The default setting is `max_depth=None` which means it will keep going and going until the leafs of the tree contain a single category. For interpretability, it could be beneficial to set a `max_depth` value like so:

```
classifier = DecisionTreeClassifier(max_depth=12)
```

Once you have your machine learning classifier working, experiment with the tradeoff of predictive accuracy that comes with decreasing the depth of the tree and try to find a balance.

**How does the accuracy of the decision tree based on larger dataset from Doucet et al. (2022) compare to that using the smaller dataset from Vermeesch (2006)?**

*Write your answer here*

**What `max_depth` value do you think represents a good balance between predictive power and model complexity?**

*Write your answer here*

**What similarities and differences are there between the importance of different data fields (feature importance) between the decision tree built on the Vermeesch (2006) data compilation vs that built on the Doucet et al. (2022) data compilation?**

*Write your answer here*

## Comparing the classification of the Vermeesch (2006) dataset

- Import the Vermeesch (2006) dataset, apply the decision tree classifier learend from the Doucet et al. (2022) dataset to the Vermeesch (2006) dataset
- Comment on how well the decision tree based on Doucet et al. (2022) applies to other datasets.

This will entail making sure that the column names and classification names are the same.
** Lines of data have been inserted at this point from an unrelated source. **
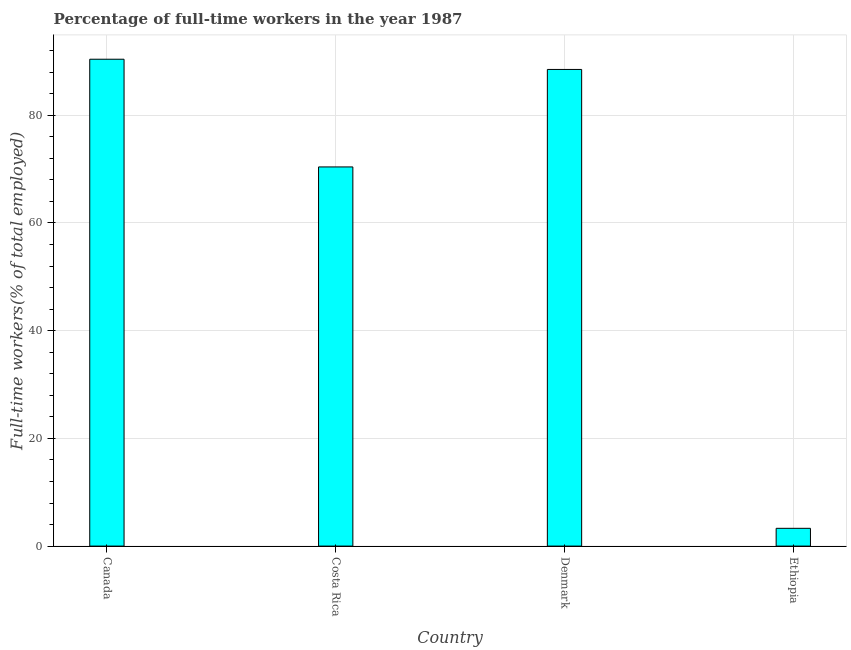What is the title of the graph?
Keep it short and to the point. Percentage of full-time workers in the year 1987. What is the label or title of the X-axis?
Offer a very short reply. Country. What is the label or title of the Y-axis?
Offer a terse response. Full-time workers(% of total employed). What is the percentage of full-time workers in Costa Rica?
Provide a succinct answer. 70.4. Across all countries, what is the maximum percentage of full-time workers?
Provide a succinct answer. 90.4. Across all countries, what is the minimum percentage of full-time workers?
Your answer should be very brief. 3.3. In which country was the percentage of full-time workers maximum?
Your response must be concise. Canada. In which country was the percentage of full-time workers minimum?
Provide a succinct answer. Ethiopia. What is the sum of the percentage of full-time workers?
Ensure brevity in your answer.  252.6. What is the average percentage of full-time workers per country?
Your response must be concise. 63.15. What is the median percentage of full-time workers?
Keep it short and to the point. 79.45. What is the ratio of the percentage of full-time workers in Costa Rica to that in Ethiopia?
Give a very brief answer. 21.33. Is the difference between the percentage of full-time workers in Canada and Costa Rica greater than the difference between any two countries?
Ensure brevity in your answer.  No. What is the difference between the highest and the second highest percentage of full-time workers?
Your answer should be compact. 1.9. What is the difference between the highest and the lowest percentage of full-time workers?
Keep it short and to the point. 87.1. In how many countries, is the percentage of full-time workers greater than the average percentage of full-time workers taken over all countries?
Make the answer very short. 3. Are all the bars in the graph horizontal?
Your answer should be compact. No. How many countries are there in the graph?
Your answer should be compact. 4. What is the difference between two consecutive major ticks on the Y-axis?
Provide a short and direct response. 20. Are the values on the major ticks of Y-axis written in scientific E-notation?
Keep it short and to the point. No. What is the Full-time workers(% of total employed) in Canada?
Keep it short and to the point. 90.4. What is the Full-time workers(% of total employed) in Costa Rica?
Make the answer very short. 70.4. What is the Full-time workers(% of total employed) in Denmark?
Keep it short and to the point. 88.5. What is the Full-time workers(% of total employed) in Ethiopia?
Offer a very short reply. 3.3. What is the difference between the Full-time workers(% of total employed) in Canada and Costa Rica?
Make the answer very short. 20. What is the difference between the Full-time workers(% of total employed) in Canada and Ethiopia?
Offer a terse response. 87.1. What is the difference between the Full-time workers(% of total employed) in Costa Rica and Denmark?
Offer a very short reply. -18.1. What is the difference between the Full-time workers(% of total employed) in Costa Rica and Ethiopia?
Give a very brief answer. 67.1. What is the difference between the Full-time workers(% of total employed) in Denmark and Ethiopia?
Provide a succinct answer. 85.2. What is the ratio of the Full-time workers(% of total employed) in Canada to that in Costa Rica?
Your answer should be very brief. 1.28. What is the ratio of the Full-time workers(% of total employed) in Canada to that in Denmark?
Your answer should be compact. 1.02. What is the ratio of the Full-time workers(% of total employed) in Canada to that in Ethiopia?
Your response must be concise. 27.39. What is the ratio of the Full-time workers(% of total employed) in Costa Rica to that in Denmark?
Provide a succinct answer. 0.8. What is the ratio of the Full-time workers(% of total employed) in Costa Rica to that in Ethiopia?
Your answer should be very brief. 21.33. What is the ratio of the Full-time workers(% of total employed) in Denmark to that in Ethiopia?
Keep it short and to the point. 26.82. 
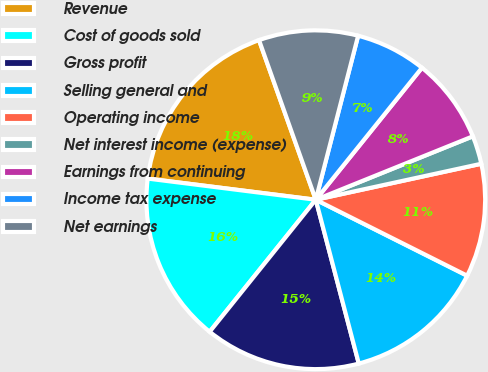<chart> <loc_0><loc_0><loc_500><loc_500><pie_chart><fcel>Revenue<fcel>Cost of goods sold<fcel>Gross profit<fcel>Selling general and<fcel>Operating income<fcel>Net interest income (expense)<fcel>Earnings from continuing<fcel>Income tax expense<fcel>Net earnings<nl><fcel>17.57%<fcel>16.22%<fcel>14.86%<fcel>13.51%<fcel>10.81%<fcel>2.7%<fcel>8.11%<fcel>6.76%<fcel>9.46%<nl></chart> 
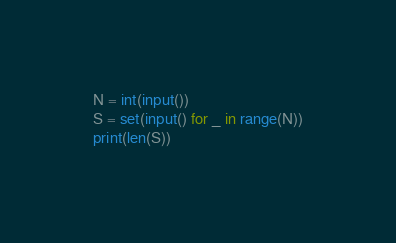Convert code to text. <code><loc_0><loc_0><loc_500><loc_500><_Python_>N = int(input())
S = set(input() for _ in range(N))
print(len(S))</code> 
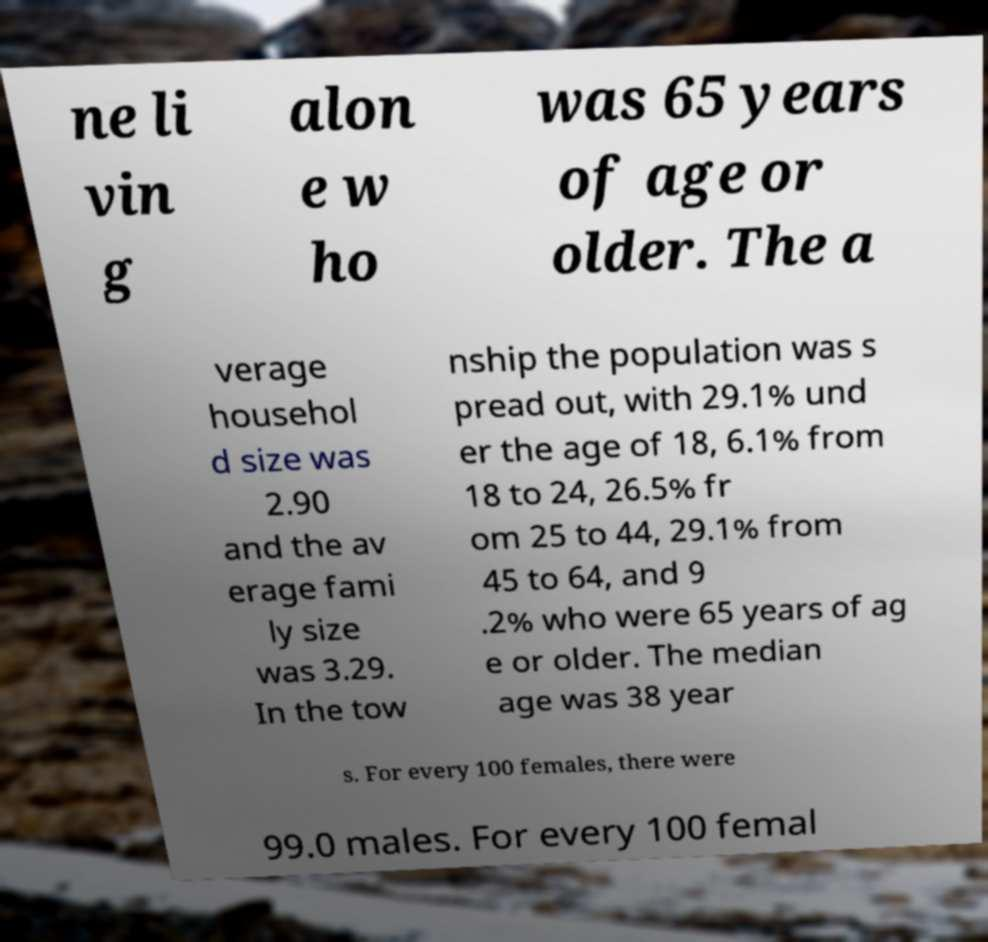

## Comparing to a Support Vector Machine (SVM) classifier

- Implement the SVM classifier on the `basalt_data` dataset. Recall that the SVM classifier requires normalization of the data. Use the `StandardScaler` to normalize the data.
- Compare the accuracy of the SVM classifier to the decision tree classifier.

## Adding more categories

- Implement the SVM classifier on Doucet data with all of the categories included, meaning, **do not filter** to just the `ARC-O`, `MORB`, and `OIB` categories.
- Plot the confusion matrix for all of the categories.
- Comment on how well the SVM classifier does with the additional categories.